庭園の企画段階から参加した発起人の一人です。定年後、ここでの活動は生活の大切な一部になっています。これまでに敷地内で詩の朗読をする「ソワ レ・ポエジー」など、文化イベントも開催しました。


開園日はビジター歓迎

毎週土曜と日曜の午前11時〜13時までが、ポタジェ・デ・ゾワゾーの開園日。土曜午前、まだ人のあまりいないマルシェ脇の入口から庭園を覗くと、主催者の一人ブリューノさんが一番乗りで準備を始めていた。

「ようこそ、はじめまして。ここは私達アソシエーションがパリ市から土地を無期限で貸与してもらい、開園日はビジター歓迎で一般解放する決まりになっているんだよ」と温かく迎えてくれた。こぢんまりとした敷地は約30の区画に分けられ、それぞれハーブや野菜、果物や花が植えられている。
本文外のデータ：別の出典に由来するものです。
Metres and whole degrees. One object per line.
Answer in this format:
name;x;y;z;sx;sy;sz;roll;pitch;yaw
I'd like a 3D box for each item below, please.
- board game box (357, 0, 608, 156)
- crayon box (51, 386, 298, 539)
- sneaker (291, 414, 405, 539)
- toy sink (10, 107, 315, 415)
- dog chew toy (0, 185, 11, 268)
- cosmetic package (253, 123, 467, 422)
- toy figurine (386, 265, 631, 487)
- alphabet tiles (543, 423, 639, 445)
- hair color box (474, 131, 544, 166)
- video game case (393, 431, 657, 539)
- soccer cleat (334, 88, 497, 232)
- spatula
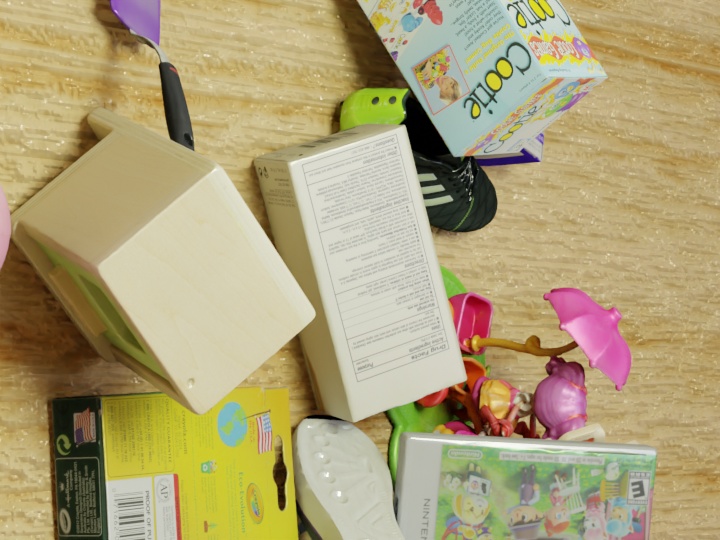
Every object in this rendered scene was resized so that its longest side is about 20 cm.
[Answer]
board game box;0.081;-0.199;1.813;0.103;0.105;0.201;-7;62;-57
crayon box;-0.124;0.146;1.616;0.199;0.051;0.128;1;85;-52
sneaker;-0.025;0.221;1.727;0.080;0.147;0.201;5;38;-27
toy sink;-0.143;-0.008;1.542;0.112;0.200;0.131;-40;121;-14
dog chew toy;-0.271;0.024;1.389;0.124;0.124;0.202;2;91;-52
cosmetic package;0.000;0.000;1.752;0.105;0.071;0.202;-17;101;-23
toy figurine;0.122;0.086;1.837;0.150;0.183;0.202;24;67;-49
alphabet tiles;0.125;0.191;1.836;0.196;0.199;0.015;91;-21;-51
hair color box;0.110;-0.198;1.943;0.109;0.064;0.202;28;62;-60
video game case;0.118;0.216;1.749;0.198;0.022;0.184;4;94;-15
soccer cleat;0.061;-0.084;1.862;0.200;0.081;0.068;34;60;-45
spatula;-0.137;-0.142;1.589;0.056;0.021;0.201;41;18;-42
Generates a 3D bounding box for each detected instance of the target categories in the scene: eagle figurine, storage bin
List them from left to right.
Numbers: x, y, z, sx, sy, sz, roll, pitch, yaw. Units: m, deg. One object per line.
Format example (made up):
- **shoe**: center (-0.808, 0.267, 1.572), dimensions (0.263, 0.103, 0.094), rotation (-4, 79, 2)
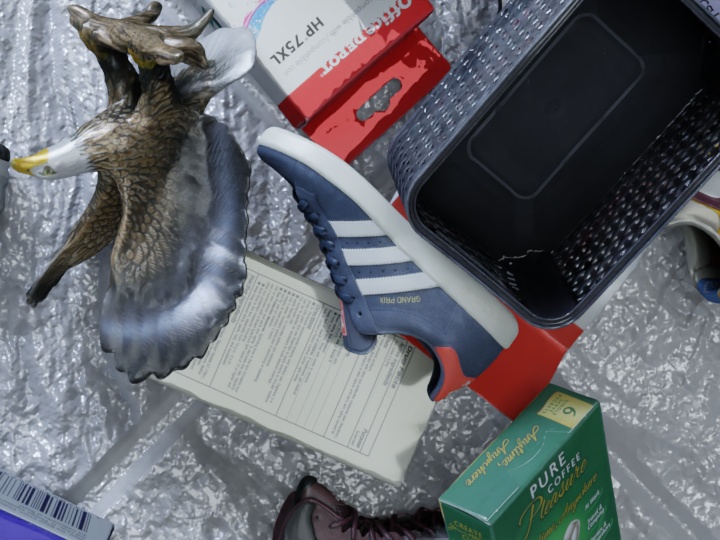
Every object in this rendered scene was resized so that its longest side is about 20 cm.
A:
- **eagle figurine**: center (-0.139, -0.057, 0.836), dimensions (0.149, 0.152, 0.202), rotation (1, 115, 4)
- **storage bin**: center (0.125, -0.085, 0.814), dimensions (0.135, 0.094, 0.200), rotation (37, 105, -19)

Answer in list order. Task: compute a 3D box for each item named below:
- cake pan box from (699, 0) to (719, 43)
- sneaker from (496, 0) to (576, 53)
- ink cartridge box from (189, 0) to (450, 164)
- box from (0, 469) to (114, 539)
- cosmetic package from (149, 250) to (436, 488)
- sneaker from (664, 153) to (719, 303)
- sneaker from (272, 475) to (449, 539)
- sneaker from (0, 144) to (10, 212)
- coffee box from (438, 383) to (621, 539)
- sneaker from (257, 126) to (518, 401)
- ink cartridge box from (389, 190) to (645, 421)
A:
- **cake pan box**: center (0.261, -0.209, 0.909), dimensions (0.201, 0.052, 0.184), rotation (54, 48, -8)
- **sneaker**: center (0.157, -0.158, 0.929), dimensions (0.081, 0.115, 0.199), rotation (-50, 127, 1)
- **ink cartridge box**: center (-0.035, -0.178, 0.907), dimensions (0.116, 0.067, 0.200), rotation (-42, 97, -6)
- **box**: center (-0.283, 0.222, 0.872), dimensions (0.183, 0.105, 0.201), rotation (26, 89, -7)
- **cosmetic package**: center (-0.047, 0.056, 0.913), dimensions (0.199, 0.071, 0.106), rotation (26, 87, -8)
- **sneaker**: center (0.276, 0.002, 0.943), dimensions (0.200, 0.075, 0.090), rotation (45, 78, -15)
- **sneaker**: center (0.015, 0.175, 0.927), dimensions (0.199, 0.076, 0.116), rotation (-31, 93, -5)
- **sneaker**: center (-0.326, -0.051, 0.870), dimensions (0.198, 0.075, 0.077), rotation (2, 92, -6)
- **coffee box**: center (0.118, 0.186, 0.889), dimensions (0.123, 0.044, 0.201), rotation (-41, 133, -31)
- **sneaker**: center (0.000, 0.000, 0.838), dimensions (0.200, 0.075, 0.085), rotation (42, 90, 1)
- **ink cartridge box**: center (0.101, -0.025, 0.907), dimensions (0.162, 0.050, 0.201), rotation (37, 61, -7)

「現在の参加者は30人くらい。原則的に3区の住民限定で、アソシエーションに志願メールを送ってくれたら、誰でも入れるよ」と、希望者はその区の住民であれば全員参加できるようだ。

「ただし、ここは面積が小さいから、全部の畑をメンバー全員で耕しているんだ。毎週末収穫された野菜や果物は、少しずつ分け合って持ち帰るけど、大した量にはならない。それよりも、皆でワイワイ話し合いながら土に触れて庭仕事をする楽しみが、この畑の醍醐味だよ」。そんな彼の言葉に、後からやってきたメンバー達もうなずいた。

オーガニックな畑作りの秘訣

敷地内にあるロッカーには、種や土のストックにスコップ等の道具、虎の巻のような資料ファイルがしまってある。メンバー達は中の資料を確認してから、思い思いの農作業に取りかかり始めた。

「この庭園はプロの指導者を立てず、皆が独学で試行錯誤しながら知識を付けていったんだ。私もここに参加する前は、まったくの素人だったよ」とブリューノさん。  

では栽培する植物は、どうやって決めているのだろうか?  

「育てるのは野菜だけではなく、ハーブや花もあるし、リンゴや梨の木も塀に沿って植えている。 Biodiversité(生物の多様性)が、畑作りにはとても大切なんだ」と語る。年間を通じて様々な植物を栽培しながら土壌を循環させているのだ。この日も梨の木の剪定(せんてい)を指導するなど、すっかり畑作りに詳しくなったブリューノさんだが、普段は公務員として働いているそうだ。  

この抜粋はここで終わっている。